Term Frequency–Inverse Document Frequency (TF-IDF):

An NLP technique that splits words in to tokens and counts how many times they appear in a document. It then measures how important the word is to the document. It’s often used in user modeling

Using TF-IDF to Build User Shopping Profiles

We’ll use TF-IDF to understand the importance of different food items in a user’s document (order history). The more they’ve purchased an item, the more important the item is going to be within their order history. This becomes their shopping profile that we can make recommendations off of.

User 1 TF-IDF Shopping Profile

Using Cosine Similarity to Build a Recommendation Engine

Cosine Similarity

Cosine similarity lets us find the most similar user profiles by plotting them and measuring the cosine angle. The smaller the angle between two user shopping profiles, the closer their profiles are.

Recommending New Products From User 1’s Closest Profile

The recommendation engine is built by searching for the users closest profile – this means the user who has the most similar purchase history. The recommendation engine returns items from that closest user profile that our user has not purchased.

The hypothesis is that our user might be interested in those items because their closest user profile buys them.

Final Results & Next Steps

The recommendation engine was able to return 5 products based on a user profile. However, for it to be as effective as possible, some additional improvements should be made before implementing it in to Instacart.
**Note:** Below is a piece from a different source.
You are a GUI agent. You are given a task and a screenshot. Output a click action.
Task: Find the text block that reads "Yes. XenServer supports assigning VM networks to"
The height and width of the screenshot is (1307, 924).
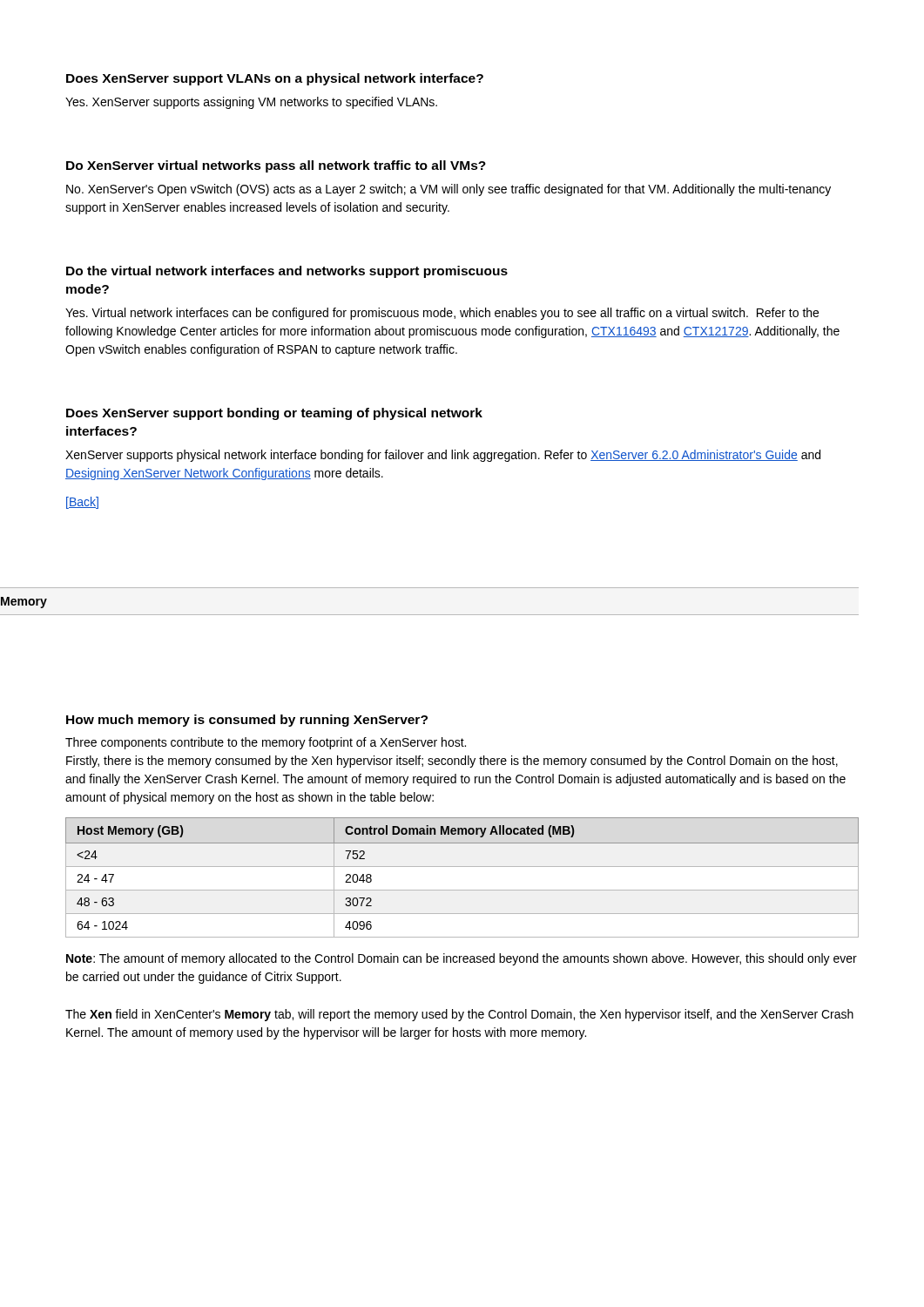(252, 102)

The model only uses part of the full data set : due to the size of the data set the model only accounts for part of the data, running it with the full data set may improve the accuracy of it’s recommendations as there will be more user profiles to pull from.
The model does not currently account for items in the users cart : To increase the novelty of the recommendations, the model could base it’s recommendations off of users with similar carts.
It does not account for time : The model should account for changes in behavior in user shopping patterns
Some of the model’s recommendations are repetitive : The model will return items similar to what the user is already buying. For example, If they frequently buy Greek yogurt it will recommend other kinds of Greek yogurt. Filtering out product similarity would cut out repetitive recommendations.